I see the oasis too, but a field of hairgrass would ruin that view as well as the idea of an island. You keep trying to change it into a hill in a pasture or something. Don't worry Robert, we don't expect you to 'get' everything. :wink: 

Maybe dark blue gravel and a sky blue background with some puffy light areas to represent clouds...... 

:doubt: 

maybe not


----------



## Phil Edwards (Jan 22, 2004)

Robert,

There's no need to be sorry. Art is viewed differently by every person who looks at it and every view is valid. That's what's so great about it! Your views of an oasis and/or pasture describe it well also. One of the things I see every time I look at this tank is one of those huge Oaks growing alone in the middle of a field. That's certainly not an island in the literal sense, but it is a strong structure in the middle of an otherwise empty plane. 

Best,
Phil


----------



## Gomer (Feb 2, 2004)

> Maybe dark blue gravel and a sky blue background with some puffy light areas to represent clouds......


PINK GRAVEL!!!!! ...cotton candy pink is the only way to go 

While not a constructive/destructive criticism, I must say that I too really enjoyed this piece of artistry in the last AGA contest. Fresh ideas aren't often executed well IMO, but this one definate is


----------



## Robert Hudson (Feb 5, 2004)

I get it! Honestly I do. I guess I just don't appreaciate it. I will say one thing, Ricky appears to be the first person seriously trying to incorporate abstract and symbolic art into the aquarium. I am just more of a traditionilist I suppose.

There would be more sutle ways of emphasising the island and still make it more natural looking. Instead of a bare substrate there could be an array of rocks and wood intermixed with little sparse tufts of hairgrass or something along that line. It is engaging to look at though. Every time I go back and look at it I see something I hadn't noticed before.

The japanese one that Carlos shows above I am not real crazy about either, but it looks more natural. Even with bare substrate showing.


----------



## Ben Belton (Mar 14, 2004)

This tank was the wallpaper on my computer for about a year. It's amazing, and Jeff beat me to all the things I would say about it. 
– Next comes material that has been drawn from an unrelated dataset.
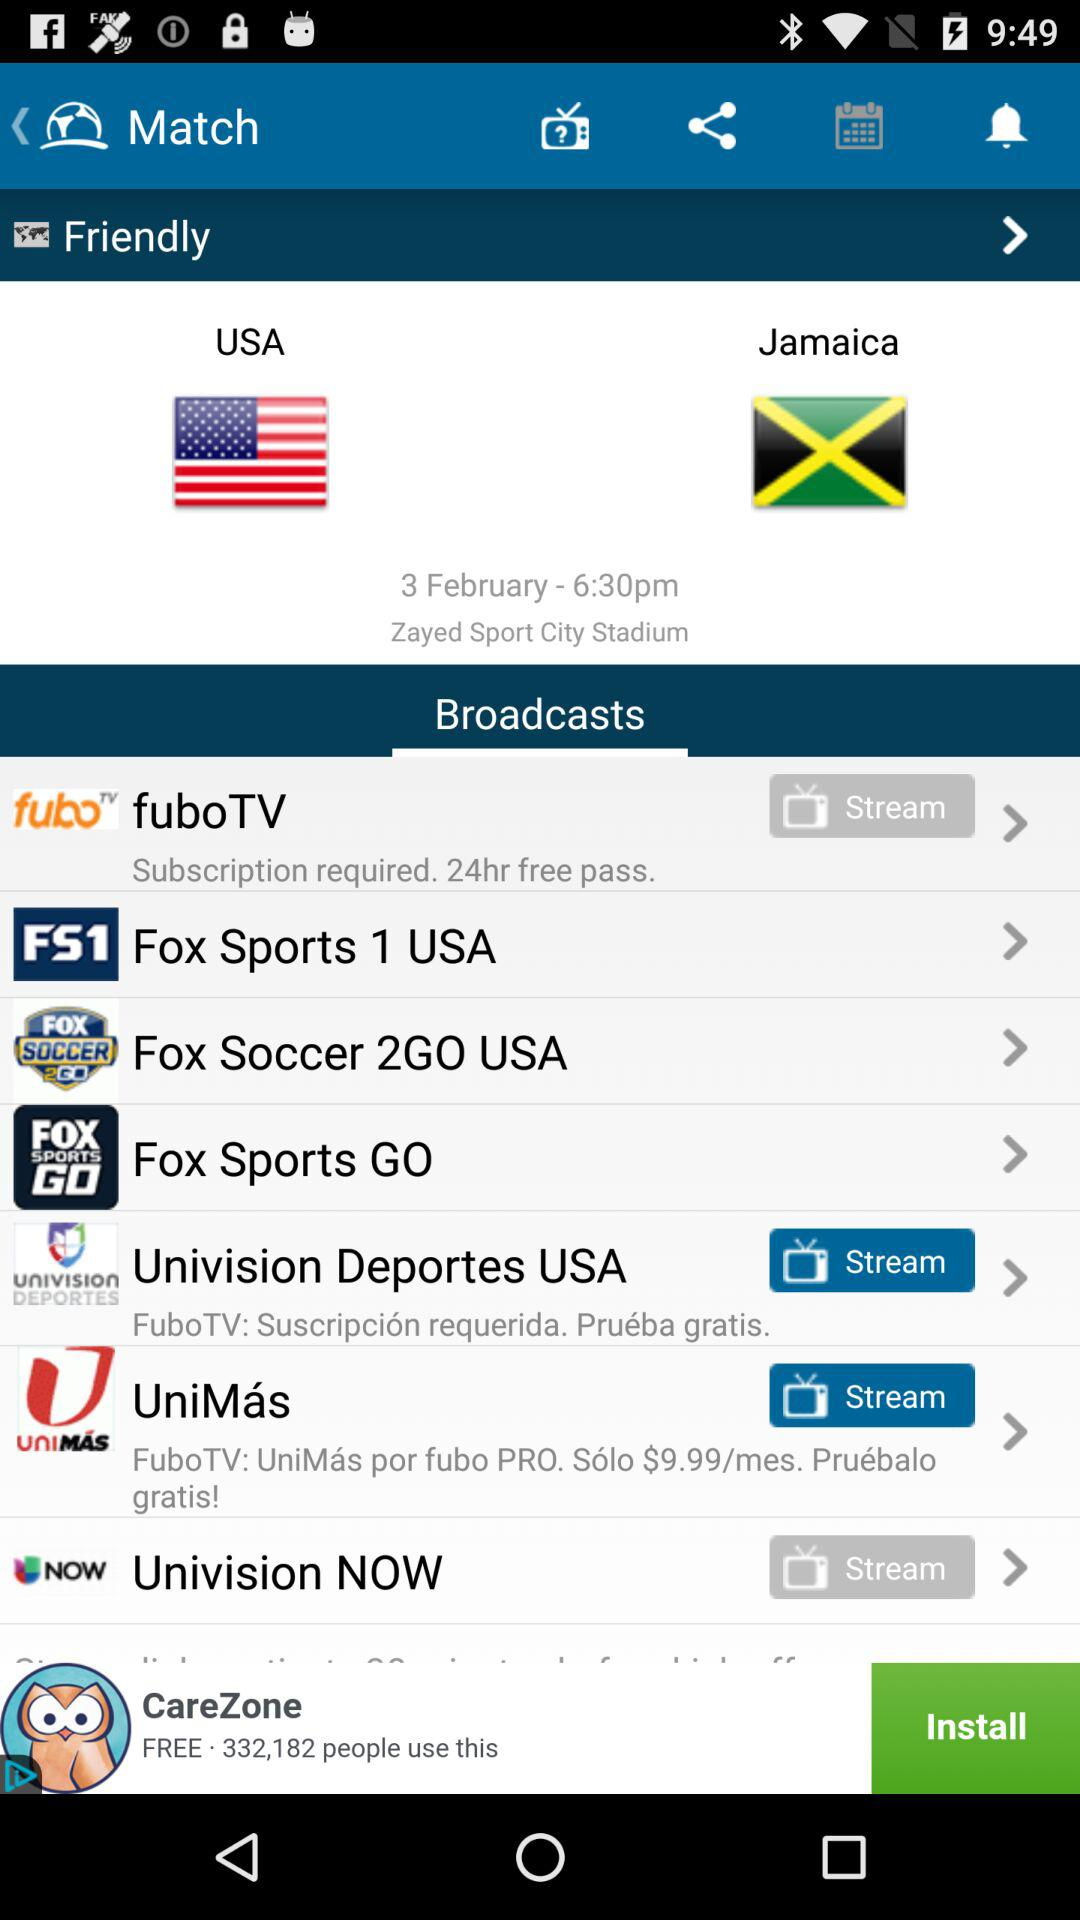What type of match will be played between "USA" and "Jamaica"? The type of match is "Friendly". 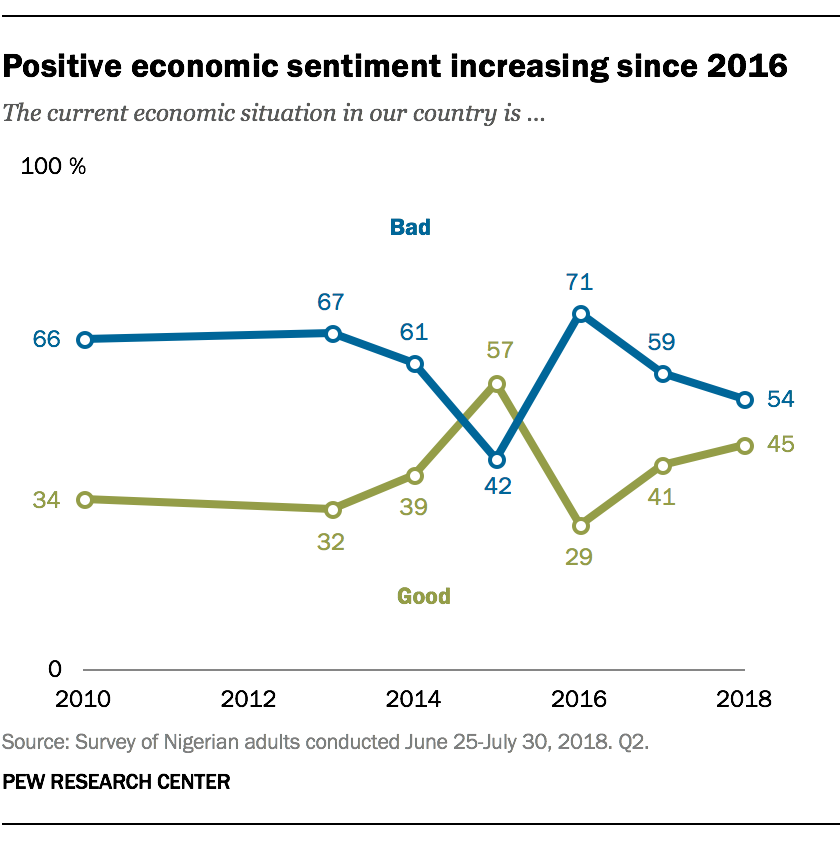Identify some key points in this picture. In 2018, there is a difference between the blue and green data points. Specifically, the blue data point is lower than the green data point by 9.. I'm sorry, but I'm not sure what you are asking. Could you please provide more context or clarify your question?

When you look at a design by a famous architect, you don't say, "That doesn't remind me of anything I know, therefore I don't like it." You look at if for the form, layout, shape, use of space, contrast, and other design/stylistic components. Same with this aquascape. The proportions, shadows, highlights, and other elements make you want to look at it all day. It's outta the box... the glass box  

This tank looks just as good in person too which is hard to achieve. You can see the flaws of many aquascapes (like mine) when you're standing at the glass. Hehehe... this tank is dry at the moment. Ricky has taken the black rim off and trying to make an open top tank. Not sure what he will do next.


----------